**Required action:** Please restate every record below word for word and skip the pictures.

**Records shown:**
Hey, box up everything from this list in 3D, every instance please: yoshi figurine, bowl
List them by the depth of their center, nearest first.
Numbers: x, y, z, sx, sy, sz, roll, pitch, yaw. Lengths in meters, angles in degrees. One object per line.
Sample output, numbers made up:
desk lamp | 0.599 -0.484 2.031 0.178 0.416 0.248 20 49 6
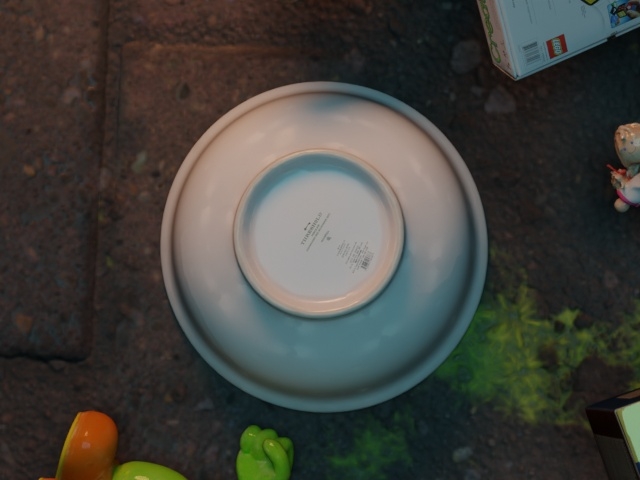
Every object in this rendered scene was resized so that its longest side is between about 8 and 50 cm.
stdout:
yoshi figurine | -0.060 0.255 1.430 0.362 0.203 0.203 23 80 1
bowl | 0.000 0.000 1.476 0.298 0.134 0.298 0 85 3

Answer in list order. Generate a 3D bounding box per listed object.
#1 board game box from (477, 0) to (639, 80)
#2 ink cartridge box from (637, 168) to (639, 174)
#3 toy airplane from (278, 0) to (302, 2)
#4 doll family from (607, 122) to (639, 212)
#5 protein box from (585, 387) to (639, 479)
board game box | 0.197 -0.302 1.367 0.193 0.053 0.305 -24 120 -10
ink cartridge box | 0.452 -0.045 1.498 0.332 0.065 0.165 32 87 6
toy airplane | 0.084 -0.400 1.470 0.386 0.272 0.384 -7 96 -35
doll family | 0.351 -0.113 1.413 0.163 0.118 0.263 52 127 15
protein box | 0.343 0.169 1.413 0.200 0.201 0.136 -19 85 0
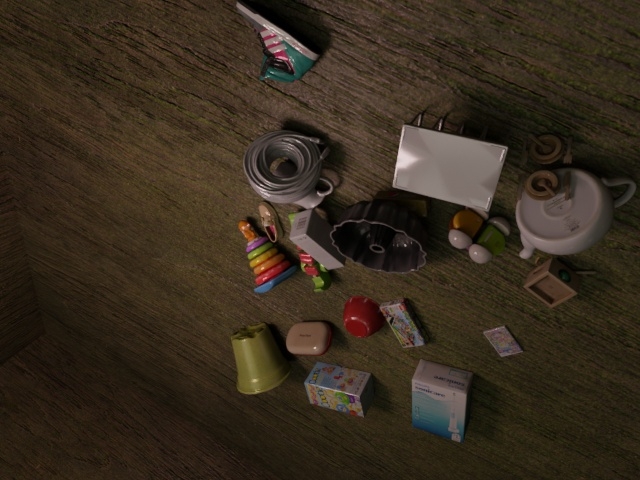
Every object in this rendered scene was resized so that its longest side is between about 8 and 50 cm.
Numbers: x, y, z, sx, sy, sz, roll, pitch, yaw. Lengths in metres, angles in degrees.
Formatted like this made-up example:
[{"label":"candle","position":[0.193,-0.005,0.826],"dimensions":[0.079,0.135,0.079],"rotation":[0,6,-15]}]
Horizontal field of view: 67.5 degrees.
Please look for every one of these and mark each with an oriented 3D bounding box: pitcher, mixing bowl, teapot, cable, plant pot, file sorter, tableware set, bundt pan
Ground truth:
[{"label":"pitcher","position":[-0.069,-0.200,1.694],"dimensions":[0.207,0.125,0.178],"rotation":[37,126,-10]},{"label":"mixing bowl","position":[0.161,0.324,1.931],"dimensions":[0.182,0.098,0.181],"rotation":[15,127,22]},{"label":"teapot","position":[0.679,-0.066,1.305],"dimensions":[0.256,0.252,0.187],"rotation":[13,170,47]},{"label":"cable","position":[-0.124,-0.250,1.601],"dimensions":[0.257,0.257,0.089],"rotation":[23,162,6]},{"label":"plant pot","position":[-0.299,0.537,2.261],"dimensions":[0.276,0.276,0.253],"rotation":[-7,105,34]},{"label":"file sorter","position":[0.378,-0.237,1.366],"dimensions":[0.278,0.173,0.192],"rotation":[18,127,19]},{"label":"tableware set","position":[0.592,-0.200,1.269],"dimensions":[0.128,0.194,0.039],"rotation":[3,162,32]},{"label":"bundt pan","position":[0.204,-0.021,1.597],"dimensions":[0.331,0.124,0.330],"rotation":[16,152,9]}]

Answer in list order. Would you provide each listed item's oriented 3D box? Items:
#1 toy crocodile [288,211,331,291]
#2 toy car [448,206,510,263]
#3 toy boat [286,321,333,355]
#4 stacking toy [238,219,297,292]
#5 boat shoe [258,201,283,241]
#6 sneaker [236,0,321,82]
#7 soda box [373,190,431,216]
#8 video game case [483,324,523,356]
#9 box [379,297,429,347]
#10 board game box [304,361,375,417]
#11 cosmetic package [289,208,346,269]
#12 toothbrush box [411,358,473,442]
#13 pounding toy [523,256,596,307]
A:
[{"label":"toy crocodile","position":[-0.042,0.044,1.850],"dimensions":[0.115,0.105,0.340],"rotation":[-2,119,31]},{"label":"toy car","position":[0.483,-0.018,1.494],"dimensions":[0.182,0.159,0.136],"rotation":[36,166,3]},{"label":"toy boat","position":[-0.035,0.447,2.123],"dimensions":[0.231,0.150,0.151],"rotation":[-7,146,33]},{"label":"stacking toy","position":[-0.245,0.047,1.959],"dimensions":[0.175,0.166,0.301],"rotation":[-30,92,52]},{"label":"boat shoe","position":[-0.202,-0.071,1.895],"dimensions":[0.063,0.059,0.170],"rotation":[-11,115,35]},{"label":"sneaker","position":[-0.159,-0.591,1.477],"dimensions":[0.296,0.124,0.178],"rotation":[38,123,1]},{"label":"soda box","position":[0.270,-0.122,1.585],"dimensions":[0.182,0.058,0.061],"rotation":[5,124,27]},{"label":"video game case","position":[0.659,0.364,1.726],"dimensions":[0.087,0.011,0.122],"rotation":[-30,103,40]},{"label":"box","position":[0.330,0.324,1.873],"dimensions":[0.114,0.036,0.206],"rotation":[-19,110,38]},{"label":"board game box","position":[0.089,0.677,2.185],"dimensions":[0.276,0.144,0.142],"rotation":[5,124,28]},{"label":"cosmetic package","position":[0.000,0.000,1.732],"dimensions":[0.086,0.117,0.231],"rotation":[-14,138,36]},{"label":"toothbrush box","position":[0.492,0.651,1.944],"dimensions":[0.217,0.126,0.295],"rotation":[9,126,26]},{"label":"pounding toy","position":[0.735,0.120,1.471],"dimensions":[0.130,0.100,0.141],"rotation":[37,143,3]}]

**Your solution:**
Hey, box up everything from this list in 3D, every instance please: yoshi figurine, bowl
List them by the depth of their center, nearest first.
Numbers: x, y, z, sx, sy, sz, roll, pitch, yaw. Lengths in meters, angles in degrees. One object per line.
Sample output, numbers made up:
desk lamp | 0.599 -0.484 2.031 0.178 0.416 0.248 20 49 6
Every object in this rendered scene was resized so that its longest side is between about 8 and 50 cm.
stdout:
yoshi figurine | -0.060 0.255 1.430 0.362 0.203 0.203 23 80 1
bowl | 0.000 0.000 1.476 0.298 0.134 0.298 0 85 3

Answer in list order. Generate a 3D bounding box per listed object.
#1 board game box from (477, 0) to (639, 80)
#2 ink cartridge box from (637, 168) to (639, 174)
#3 toy airplane from (278, 0) to (302, 2)
#4 doll family from (607, 122) to (639, 212)
#5 protein box from (585, 387) to (639, 479)
board game box | 0.197 -0.302 1.367 0.193 0.053 0.305 -24 120 -10
ink cartridge box | 0.452 -0.045 1.498 0.332 0.065 0.165 32 87 6
toy airplane | 0.084 -0.400 1.470 0.386 0.272 0.384 -7 96 -35
doll family | 0.351 -0.113 1.413 0.163 0.118 0.263 52 127 15
protein box | 0.343 0.169 1.413 0.200 0.201 0.136 -19 85 0
Every object in this rendered scene was resized so that its longest side is between about 8 and 50 cm.
Numbers: x, y, z, sx, sy, sz, roll, pitch, yaw. Lengths in metres, angles in degrees.
Formatted like this made-up example:
[{"label":"candle","position":[0.193,-0.005,0.826],"dimensions":[0.079,0.135,0.079],"rotation":[0,6,-15]}]
Horizontal field of view: 67.5 degrees.
Please look for every one of these and mark each with an oriented 3D bounding box: pitcher, mixing bowl, teapot, cable, plant pot, file sorter, tableware set, bundt pan
Ground truth:
[{"label":"pitcher","position":[-0.069,-0.200,1.694],"dimensions":[0.207,0.125,0.178],"rotation":[37,126,-10]},{"label":"mixing bowl","position":[0.161,0.324,1.931],"dimensions":[0.182,0.098,0.181],"rotation":[15,127,22]},{"label":"teapot","position":[0.679,-0.066,1.305],"dimensions":[0.256,0.252,0.187],"rotation":[13,170,47]},{"label":"cable","position":[-0.124,-0.250,1.601],"dimensions":[0.257,0.257,0.089],"rotation":[23,162,6]},{"label":"plant pot","position":[-0.299,0.537,2.261],"dimensions":[0.276,0.276,0.253],"rotation":[-7,105,34]},{"label":"file sorter","position":[0.378,-0.237,1.366],"dimensions":[0.278,0.173,0.192],"rotation":[18,127,19]},{"label":"tableware set","position":[0.592,-0.200,1.269],"dimensions":[0.128,0.194,0.039],"rotation":[3,162,32]},{"label":"bundt pan","position":[0.204,-0.021,1.597],"dimensions":[0.331,0.124,0.330],"rotation":[16,152,9]}]

Answer in list order. Would you provide each listed item's oriented 3D box? Items:
#1 toy crocodile [288,211,331,291]
#2 toy car [448,206,510,263]
#3 toy boat [286,321,333,355]
#4 stacking toy [238,219,297,292]
#5 boat shoe [258,201,283,241]
#6 sneaker [236,0,321,82]
#7 soda box [373,190,431,216]
#8 video game case [483,324,523,356]
#9 box [379,297,429,347]
#10 board game box [304,361,375,417]
#11 cosmetic package [289,208,346,269]
#12 toothbrush box [411,358,473,442]
#13 pounding toy [523,256,596,307]
A:
[{"label":"toy crocodile","position":[-0.042,0.044,1.850],"dimensions":[0.115,0.105,0.340],"rotation":[-2,119,31]},{"label":"toy car","position":[0.483,-0.018,1.494],"dimensions":[0.182,0.159,0.136],"rotation":[36,166,3]},{"label":"toy boat","position":[-0.035,0.447,2.123],"dimensions":[0.231,0.150,0.151],"rotation":[-7,146,33]},{"label":"stacking toy","position":[-0.245,0.047,1.959],"dimensions":[0.175,0.166,0.301],"rotation":[-30,92,52]},{"label":"boat shoe","position":[-0.202,-0.071,1.895],"dimensions":[0.063,0.059,0.170],"rotation":[-11,115,35]},{"label":"sneaker","position":[-0.159,-0.591,1.477],"dimensions":[0.296,0.124,0.178],"rotation":[38,123,1]},{"label":"soda box","position":[0.270,-0.122,1.585],"dimensions":[0.182,0.058,0.061],"rotation":[5,124,27]},{"label":"video game case","position":[0.659,0.364,1.726],"dimensions":[0.087,0.011,0.122],"rotation":[-30,103,40]},{"label":"box","position":[0.330,0.324,1.873],"dimensions":[0.114,0.036,0.206],"rotation":[-19,110,38]},{"label":"board game box","position":[0.089,0.677,2.185],"dimensions":[0.276,0.144,0.142],"rotation":[5,124,28]},{"label":"cosmetic package","position":[0.000,0.000,1.732],"dimensions":[0.086,0.117,0.231],"rotation":[-14,138,36]},{"label":"toothbrush box","position":[0.492,0.651,1.944],"dimensions":[0.217,0.126,0.295],"rotation":[9,126,26]},{"label":"pounding toy","position":[0.735,0.120,1.471],"dimensions":[0.130,0.100,0.141],"rotation":[37,143,3]}]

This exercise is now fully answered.